REQUIRED ACTION –
Copy out the data in full and exactly, passing over the pictures.
_ _ _
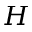<formula> <loc_0><loc_0><loc_500><loc_500>H</formula> 
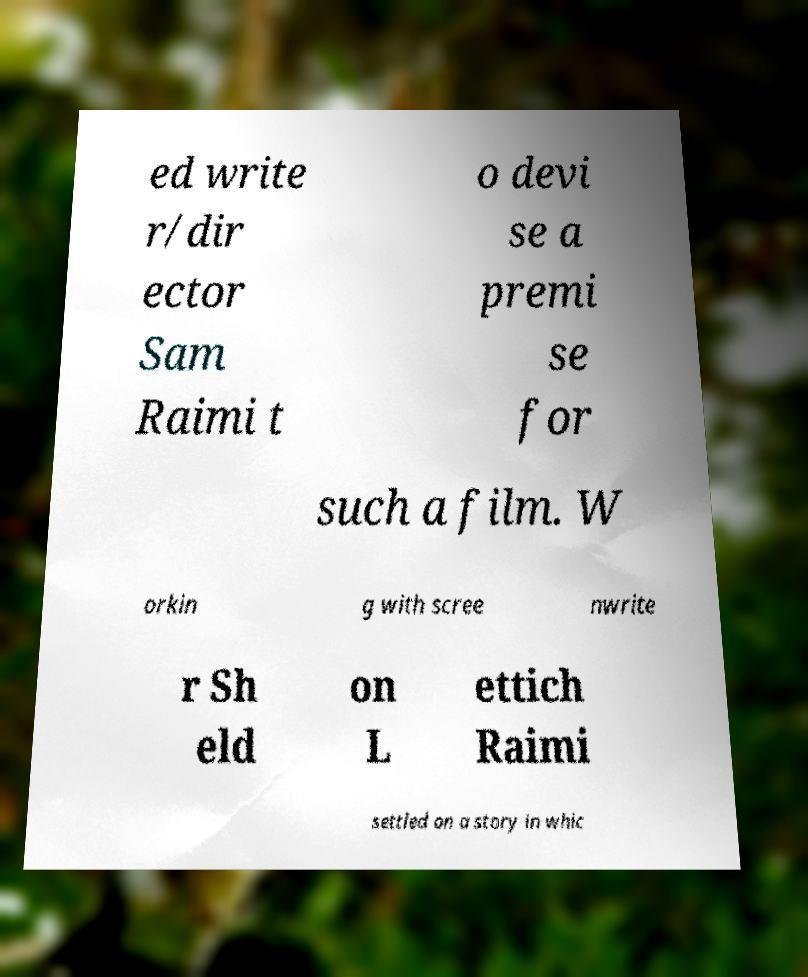What messages or text are displayed in this image? I need them in a readable, typed format. ed write r/dir ector Sam Raimi t o devi se a premi se for such a film. W orkin g with scree nwrite r Sh eld on L ettich Raimi settled on a story in whic 
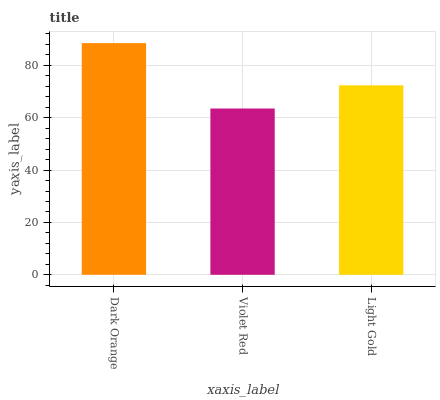Is Light Gold the minimum?
Answer yes or no. No. Is Light Gold the maximum?
Answer yes or no. No. Is Light Gold greater than Violet Red?
Answer yes or no. Yes. Is Violet Red less than Light Gold?
Answer yes or no. Yes. Is Violet Red greater than Light Gold?
Answer yes or no. No. Is Light Gold less than Violet Red?
Answer yes or no. No. Is Light Gold the high median?
Answer yes or no. Yes. Is Light Gold the low median?
Answer yes or no. Yes. Is Dark Orange the high median?
Answer yes or no. No. Is Violet Red the low median?
Answer yes or no. No. 
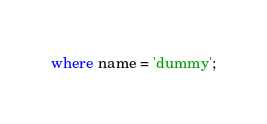Convert code to text. <code><loc_0><loc_0><loc_500><loc_500><_SQL_>where name = 'dummy';</code> 
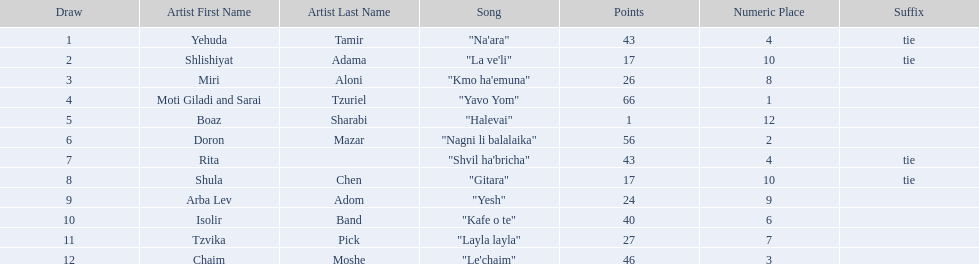What artist received the least amount of points in the competition? Boaz Sharabi. 
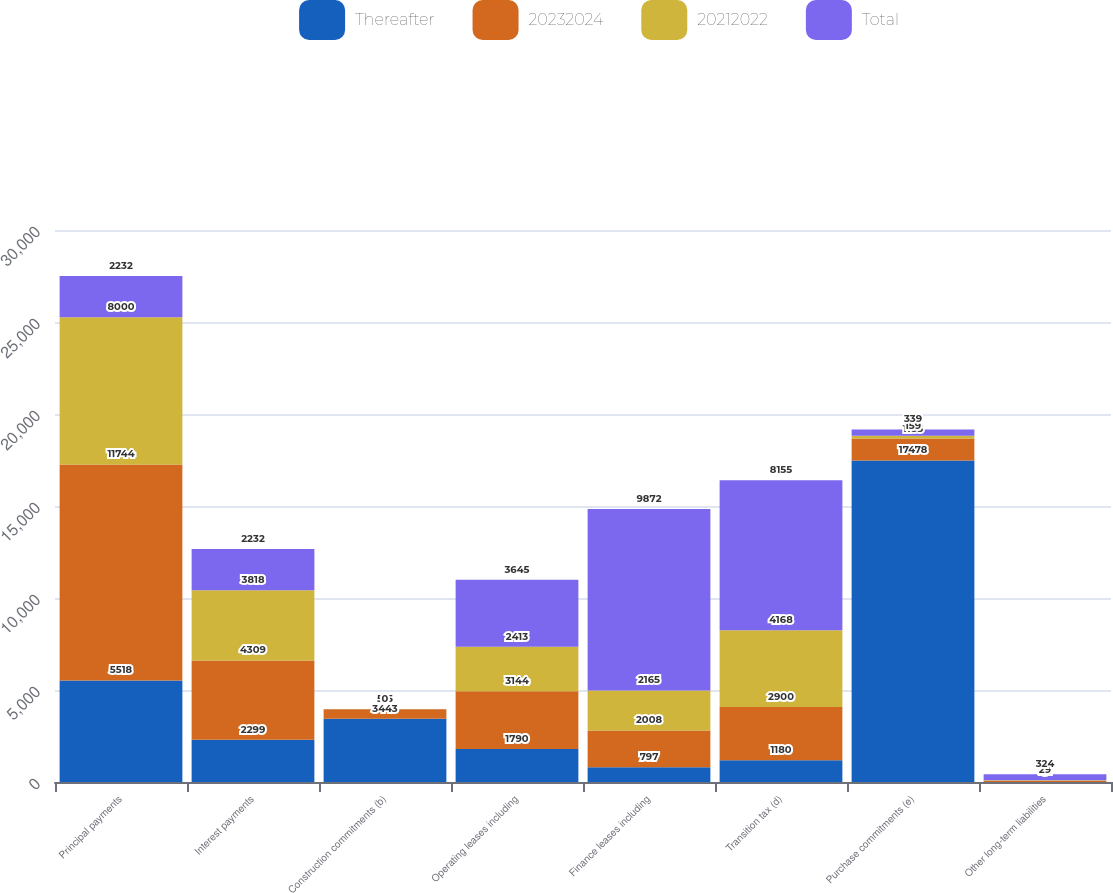Convert chart. <chart><loc_0><loc_0><loc_500><loc_500><stacked_bar_chart><ecel><fcel>Principal payments<fcel>Interest payments<fcel>Construction commitments (b)<fcel>Operating leases including<fcel>Finance leases including<fcel>Transition tax (d)<fcel>Purchase commitments (e)<fcel>Other long-term liabilities<nl><fcel>Thereafter<fcel>5518<fcel>2299<fcel>3443<fcel>1790<fcel>797<fcel>1180<fcel>17478<fcel>0<nl><fcel>20232024<fcel>11744<fcel>4309<fcel>515<fcel>3144<fcel>2008<fcel>2900<fcel>1185<fcel>72<nl><fcel>20212022<fcel>8000<fcel>3818<fcel>0<fcel>2413<fcel>2165<fcel>4168<fcel>159<fcel>29<nl><fcel>Total<fcel>2232<fcel>2232<fcel>0<fcel>3645<fcel>9872<fcel>8155<fcel>339<fcel>324<nl></chart> 
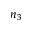<formula> <loc_0><loc_0><loc_500><loc_500>n _ { 3 }</formula> 
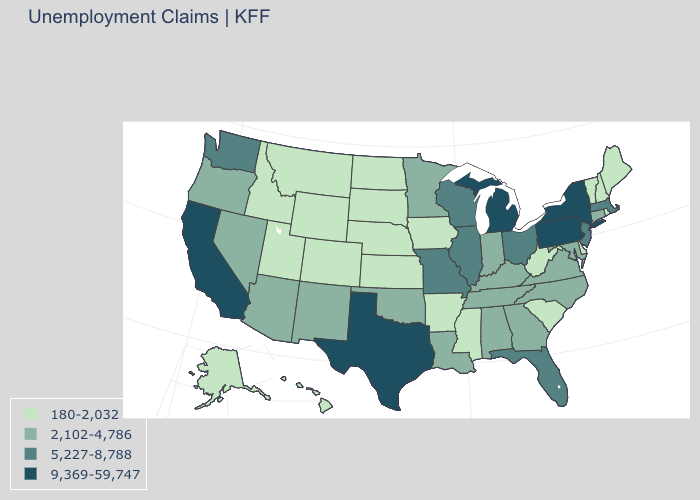What is the value of New Jersey?
Write a very short answer. 5,227-8,788. What is the value of Indiana?
Quick response, please. 2,102-4,786. What is the value of Mississippi?
Give a very brief answer. 180-2,032. How many symbols are there in the legend?
Short answer required. 4. What is the lowest value in states that border South Dakota?
Give a very brief answer. 180-2,032. Name the states that have a value in the range 180-2,032?
Concise answer only. Alaska, Arkansas, Colorado, Delaware, Hawaii, Idaho, Iowa, Kansas, Maine, Mississippi, Montana, Nebraska, New Hampshire, North Dakota, Rhode Island, South Carolina, South Dakota, Utah, Vermont, West Virginia, Wyoming. Name the states that have a value in the range 2,102-4,786?
Be succinct. Alabama, Arizona, Connecticut, Georgia, Indiana, Kentucky, Louisiana, Maryland, Minnesota, Nevada, New Mexico, North Carolina, Oklahoma, Oregon, Tennessee, Virginia. Name the states that have a value in the range 2,102-4,786?
Concise answer only. Alabama, Arizona, Connecticut, Georgia, Indiana, Kentucky, Louisiana, Maryland, Minnesota, Nevada, New Mexico, North Carolina, Oklahoma, Oregon, Tennessee, Virginia. Does Iowa have the highest value in the USA?
Concise answer only. No. Does Arkansas have a higher value than Montana?
Short answer required. No. Is the legend a continuous bar?
Give a very brief answer. No. Does Illinois have a higher value than North Carolina?
Short answer required. Yes. Does Louisiana have the same value as California?
Write a very short answer. No. 
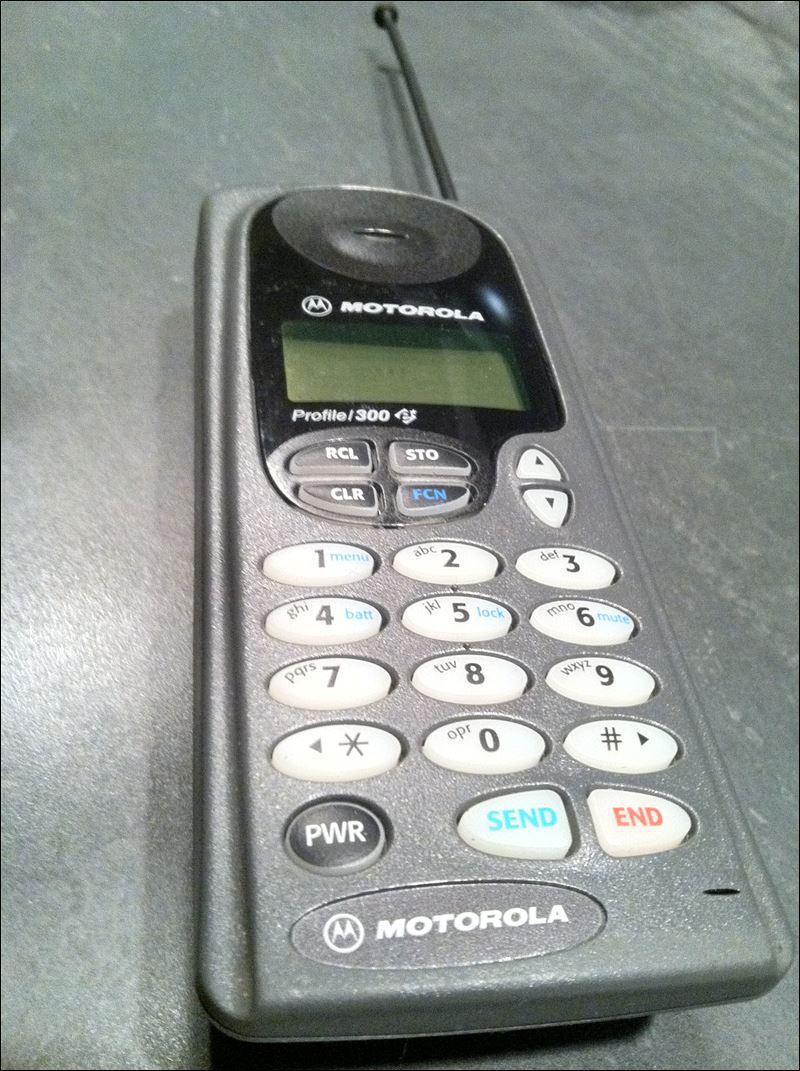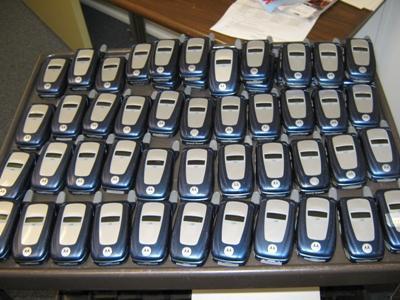The first image is the image on the left, the second image is the image on the right. Given the left and right images, does the statement "A large assortment of cell phones are seen in both images." hold true? Answer yes or no. No. The first image is the image on the left, the second image is the image on the right. Assess this claim about the two images: "In both images there are many mobile phones from a variety of brands and models.". Correct or not? Answer yes or no. No. 
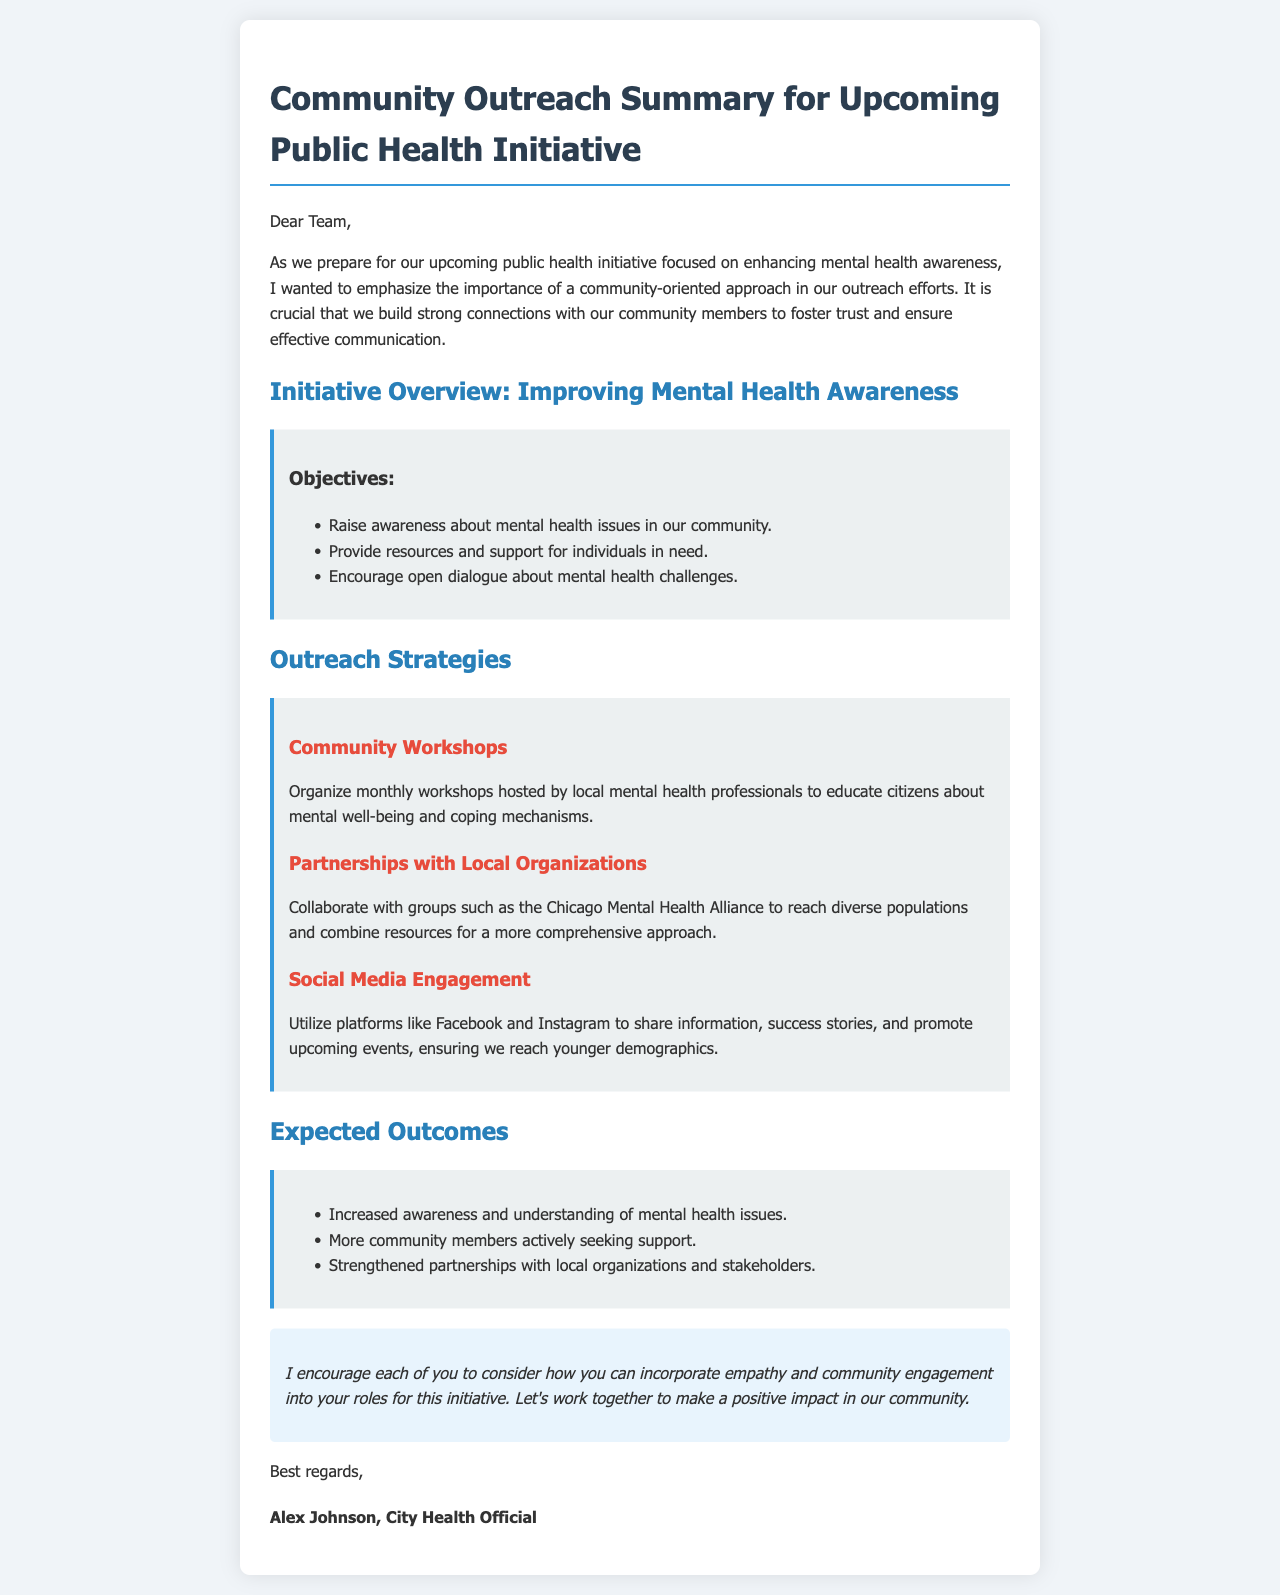What is the title of the initiative? The title of the initiative is specified in the document's header, which is "Community Outreach Summary for Upcoming Public Health Initiative."
Answer: Community Outreach Summary for Upcoming Public Health Initiative Who is the author of the email? The email's closing section contains the author's name, which identifies them as a city health official.
Answer: Alex Johnson What are the three objectives listed in the document? The objectives are detailed in a bullet point format under the "Objectives" section.
Answer: Raise awareness about mental health issues in our community What type of events will be organized monthly as part of outreach strategies? The outreach strategy mentions monthly events organized to educate citizens.
Answer: Community Workshops Which social media platforms are mentioned for engagement? The document specifies particular social media platforms in the outreach strategy section for sharing information.
Answer: Facebook and Instagram What is the expected outcome relating to community support? One expected outcome discusses the action of community members in relation to support.
Answer: More community members actively seeking support How many outreach strategies are outlined in the document? The document lists three outreach strategies under the respective section.
Answer: Three What is the main focus of the upcoming public health initiative? The main focus is noted in the "Initiative Overview" section, indicating the subject matter of the initiative.
Answer: Improving Mental Health Awareness What tone does the author suggest for interacting with the community? The author concludes the email emphasizing the importance of a particular approach in their roles.
Answer: Empathy and community engagement 
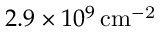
_ _ _
TASK RESULT –
<formula> <loc_0><loc_0><loc_500><loc_500>H</formula> 
What messages or text are displayed in this image? I need them in a readable, typed format. ed write r/dir ector Sam Raimi t o devi se a premi se for such a film. W orkin g with scree nwrite r Sh eld on L ettich Raimi settled on a story in whic 
Is Light Gold the minimum?
Answer yes or no. No. Is Light Gold the maximum?
Answer yes or no. No. Is Light Gold greater than Violet Red?
Answer yes or no. Yes. Is Violet Red less than Light Gold?
Answer yes or no. Yes. Is Violet Red greater than Light Gold?
Answer yes or no. No. Is Light Gold less than Violet Red?
Answer yes or no. No. Is Light Gold the high median?
Answer yes or no. Yes. Is Light Gold the low median?
Answer yes or no. Yes. Is Dark Orange the high median?
Answer yes or no. No. Is Violet Red the low median?
Answer yes or no. No. 
Convert code to text. <code><loc_0><loc_0><loc_500><loc_500><_SQL_>where name = 'dummy';</code> 
What artist received the least amount of points in the competition? Boaz Sharabi. 
Convert chart. <chart><loc_0><loc_0><loc_500><loc_500><stacked_bar_chart><ecel><fcel>Principal payments<fcel>Interest payments<fcel>Construction commitments (b)<fcel>Operating leases including<fcel>Finance leases including<fcel>Transition tax (d)<fcel>Purchase commitments (e)<fcel>Other long-term liabilities<nl><fcel>Thereafter<fcel>5518<fcel>2299<fcel>3443<fcel>1790<fcel>797<fcel>1180<fcel>17478<fcel>0<nl><fcel>20232024<fcel>11744<fcel>4309<fcel>515<fcel>3144<fcel>2008<fcel>2900<fcel>1185<fcel>72<nl><fcel>20212022<fcel>8000<fcel>3818<fcel>0<fcel>2413<fcel>2165<fcel>4168<fcel>159<fcel>29<nl><fcel>Total<fcel>2232<fcel>2232<fcel>0<fcel>3645<fcel>9872<fcel>8155<fcel>339<fcel>324<nl></chart> 
<formula> <loc_0><loc_0><loc_500><loc_500>n _ { 3 }</formula> 
What is the value of New Jersey?
Write a very short answer. 5,227-8,788. What is the value of Indiana?
Quick response, please. 2,102-4,786. What is the value of Mississippi?
Give a very brief answer. 180-2,032. How many symbols are there in the legend?
Short answer required. 4. What is the lowest value in states that border South Dakota?
Give a very brief answer. 180-2,032. Name the states that have a value in the range 180-2,032?
Concise answer only. Alaska, Arkansas, Colorado, Delaware, Hawaii, Idaho, Iowa, Kansas, Maine, Mississippi, Montana, Nebraska, New Hampshire, North Dakota, Rhode Island, South Carolina, South Dakota, Utah, Vermont, West Virginia, Wyoming. Name the states that have a value in the range 2,102-4,786?
Be succinct. Alabama, Arizona, Connecticut, Georgia, Indiana, Kentucky, Louisiana, Maryland, Minnesota, Nevada, New Mexico, North Carolina, Oklahoma, Oregon, Tennessee, Virginia. Name the states that have a value in the range 2,102-4,786?
Concise answer only. Alabama, Arizona, Connecticut, Georgia, Indiana, Kentucky, Louisiana, Maryland, Minnesota, Nevada, New Mexico, North Carolina, Oklahoma, Oregon, Tennessee, Virginia. Does Iowa have the highest value in the USA?
Concise answer only. No. Does Arkansas have a higher value than Montana?
Short answer required. No. Is the legend a continuous bar?
Give a very brief answer. No. Does Illinois have a higher value than North Carolina?
Short answer required. Yes. Does Louisiana have the same value as California?
Write a very short answer. No. 
The first image is the image on the left, the second image is the image on the right. Given the left and right images, does the statement "A large assortment of cell phones are seen in both images." hold true? Answer yes or no. No. The first image is the image on the left, the second image is the image on the right. Assess this claim about the two images: "In both images there are many mobile phones from a variety of brands and models.". Correct or not? Answer yes or no. No. 
What is the title of the initiative? The title of the initiative is specified in the document's header, which is "Community Outreach Summary for Upcoming Public Health Initiative."
Answer: Community Outreach Summary for Upcoming Public Health Initiative Who is the author of the email? The email's closing section contains the author's name, which identifies them as a city health official.
Answer: Alex Johnson What are the three objectives listed in the document? The objectives are detailed in a bullet point format under the "Objectives" section.
Answer: Raise awareness about mental health issues in our community What type of events will be organized monthly as part of outreach strategies? The outreach strategy mentions monthly events organized to educate citizens.
Answer: Community Workshops Which social media platforms are mentioned for engagement? The document specifies particular social media platforms in the outreach strategy section for sharing information.
Answer: Facebook and Instagram What is the expected outcome relating to community support? One expected outcome discusses the action of community members in relation to support.
Answer: More community members actively seeking support How many outreach strategies are outlined in the document? The document lists three outreach strategies under the respective section.
Answer: Three What is the main focus of the upcoming public health initiative? The main focus is noted in the "Initiative Overview" section, indicating the subject matter of the initiative.
Answer: Improving Mental Health Awareness What tone does the author suggest for interacting with the community? The author concludes the email emphasizing the importance of a particular approach in their roles.
Answer: Empathy and community engagement 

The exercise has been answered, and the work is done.